Hoe langer je bij een uitzendbureau werkt, hoe meer rechten je hebt. Ben je net gestart of werk je nog maar kort voor een uitzendbureau, dan is er in je arbeidsovereenkomst vaak een zogenaamd ‘uitzendbeding’ opgenomen. Door dit beding kan jouw werkgever (het uitzendbureau) het dienstverband stop zetten als jij je ziek meldt en/ of als de opdrachtgever (de inlener waar je feitelijk werkt) de opdracht stop zet. Ontslag is dus ook mogelijk als je ziek bent. In zo’n geval heb je recht op een ziektewet uitkering.

Payrollovereenkomst

Als je in dienst bent bij een payroll werkgever, dan lijkt het veel op een uitzendovereenkomst maar is het sinds 2020 juridisch anders.

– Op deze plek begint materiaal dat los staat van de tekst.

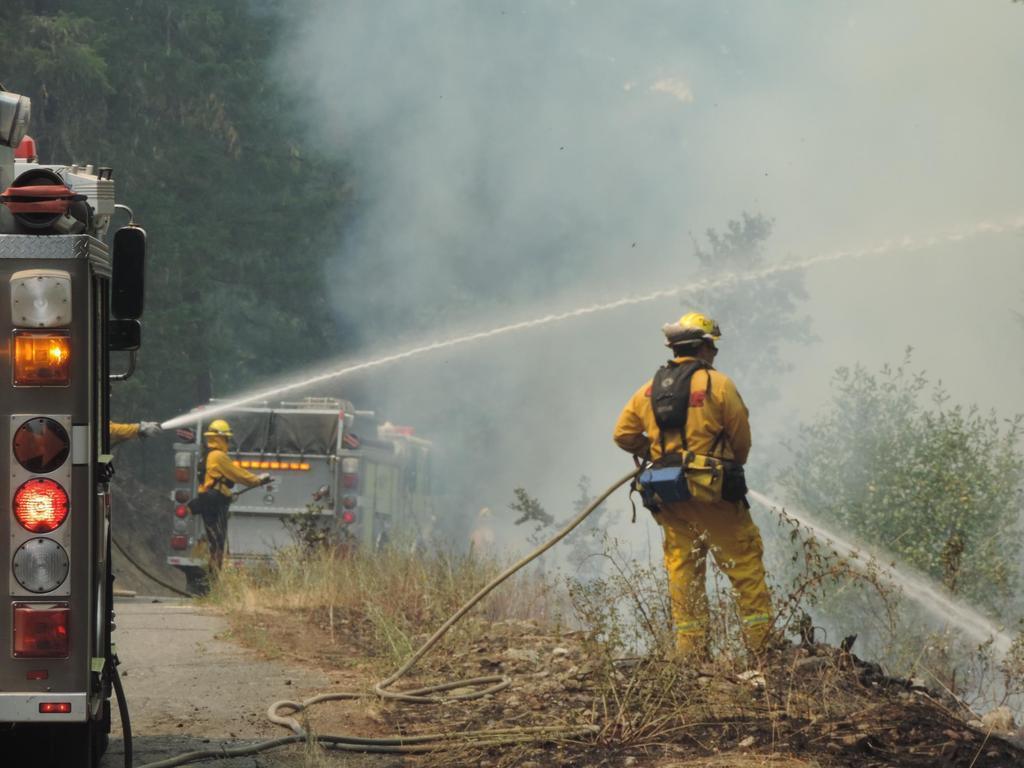Can you describe this image briefly? In this picture there are two people holding water pipes and spraying water and we can see grass and plants. On the left side of the image we can see truncated vehicle on the road. In the background of the image there is a person standing, beside this person we can see a vehicle and we can see trees and smoke. 
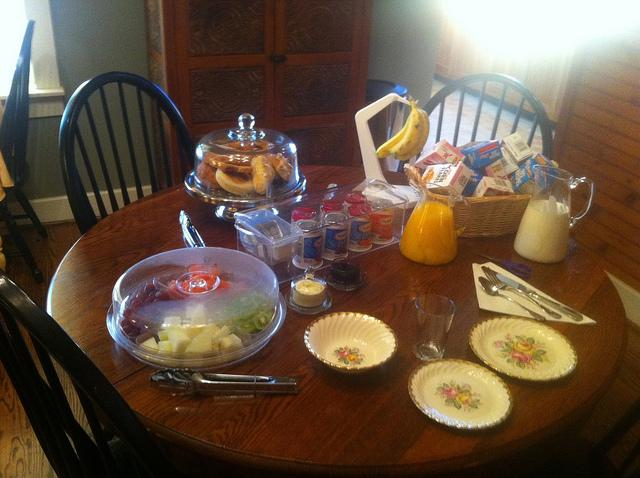What are the plastic lids used for when covering these trays of food?

Choices:
A) transport
B) heat
C) cold
D) protection protection 
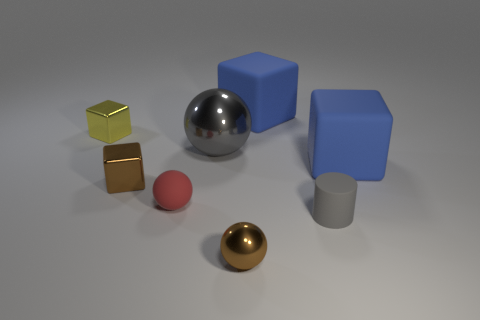Add 2 large blocks. How many objects exist? 10 Subtract all cylinders. How many objects are left? 7 Subtract all purple rubber things. Subtract all metallic cubes. How many objects are left? 6 Add 5 gray cylinders. How many gray cylinders are left? 6 Add 3 brown metal things. How many brown metal things exist? 5 Subtract 0 green spheres. How many objects are left? 8 
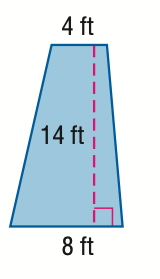Question: Find the area of the trapezoid.
Choices:
A. 28
B. 42
C. 84
D. 168
Answer with the letter. Answer: C 
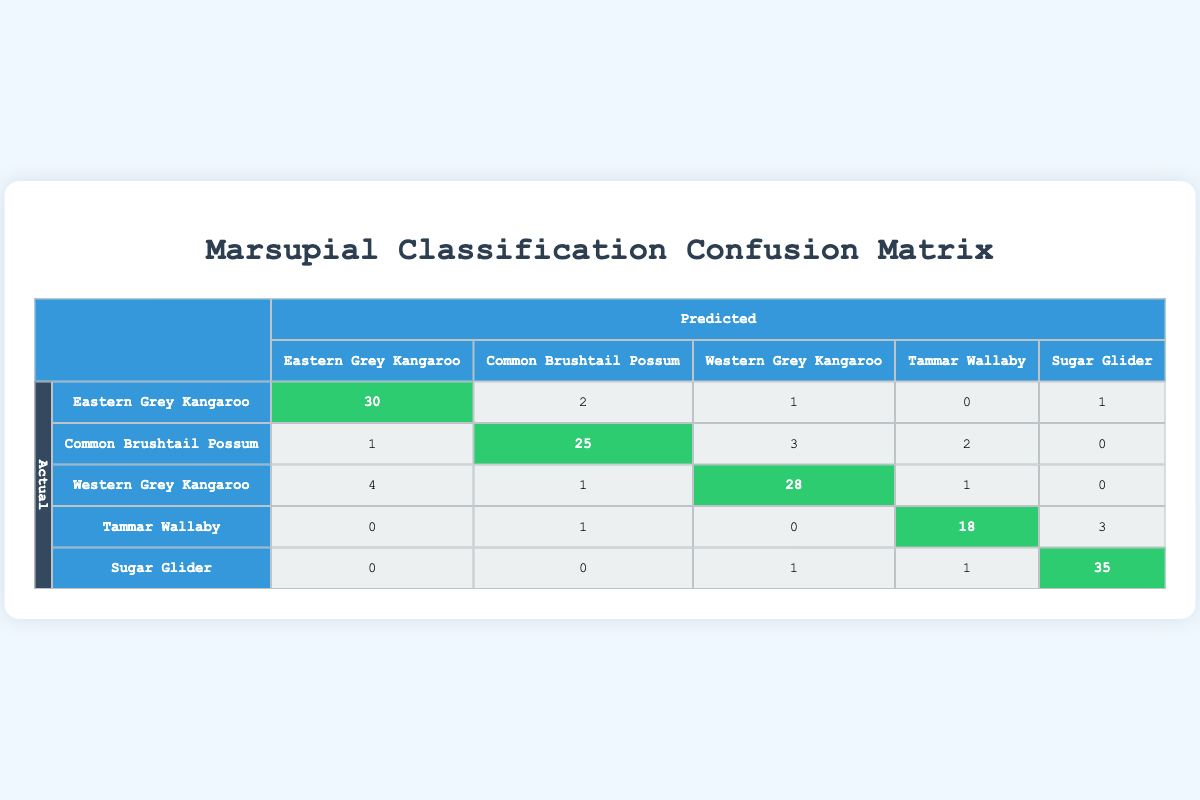What is the number of Eastern Grey Kangaroo instances correctly predicted? Observing the table, the entry for "Eastern Grey Kangaroo" under its own predicted label shows 30. This indicates the number of instances that were correctly classified.
Answer: 30 How many misunderstandings were there in predicting Common Brushtail Possum as Eastern Grey Kangaroo? In the row for "Common Brushtail Possum," the column for "Eastern Grey Kangaroo" indicates 1 instance. This signifies that one actual Common Brushtail Possum was mistakenly classified as Eastern Grey Kangaroo.
Answer: 1 What is the total number of predicted instances for Sugar Glider? To find the total, we sum all predictions in the row for "Sugar Glider": 0 (Eastern Grey Kangaroo) + 0 (Common Brushtail Possum) + 1 (Western Grey Kangaroo) + 1 (Tammar Wallaby) + 35 (Sugar Glider) = 37.
Answer: 37 Are there any Tammar Wallabies predicted as Western Grey Kangaroo? Looking at the Tammar Wallaby row, the column for Western Grey Kangaroo shows 0. This means that no instances of Tammar Wallaby were incorrectly predicted as Western Grey Kangaroo.
Answer: No What percentage of actual Tammar Wallabies were correctly classified? In the row for Tammar Wallaby, the correctly predicted instances are 18 (Tammar Wallaby column). The total number of actual Tammar Wallabies predicted can be calculated as: 18 + 0 + 1 + 3 = 22. Thus, the percentage is (18/22) * 100 = 81.82%.
Answer: 81.82% What is the total number of mistakes made in classifying Western Grey Kangaroo? In the row for "Western Grey Kangaroo," summing up the values in the non-diagonal cells gives us 4 + 1 + 3 + 1 = 9 mistakes. Non-diagonal values represent the misunderstandings between this and other species.
Answer: 9 How many times was the Common Brushtail Possum wrongly classified as Western Grey Kangaroo? The table shows that for the "Common Brushtail Possum" row, the column for "Western Grey Kangaroo" indicates 3. This means three instances of Common Brushtail Possum were incorrectly predicted as Western Grey Kangaroo.
Answer: 3 Out of all predictions for Eastern Grey Kangaroo, what was the correct classification rate? The total instances predicted for Eastern Grey Kangaroo are the sum of its row: 30 + 2 + 1 + 0 + 1 = 34. The correct classifications are 30; hence, the correct classification rate is (30/34) * 100 = 88.24%.
Answer: 88.24%

Grofweg heeft een werknemer van een payroll organisatie dezelfde rechten en plichten als werknemers die bij de opdrachtgever (de inlener waar je feitelijk werkt) zelf in dienst zijn. Een uitzendbeding is niet geldig en ontslag ómdat je ziek bent, mag alleen in de gevallen waarin dat bij ‘gewone’ werknemers ook mag.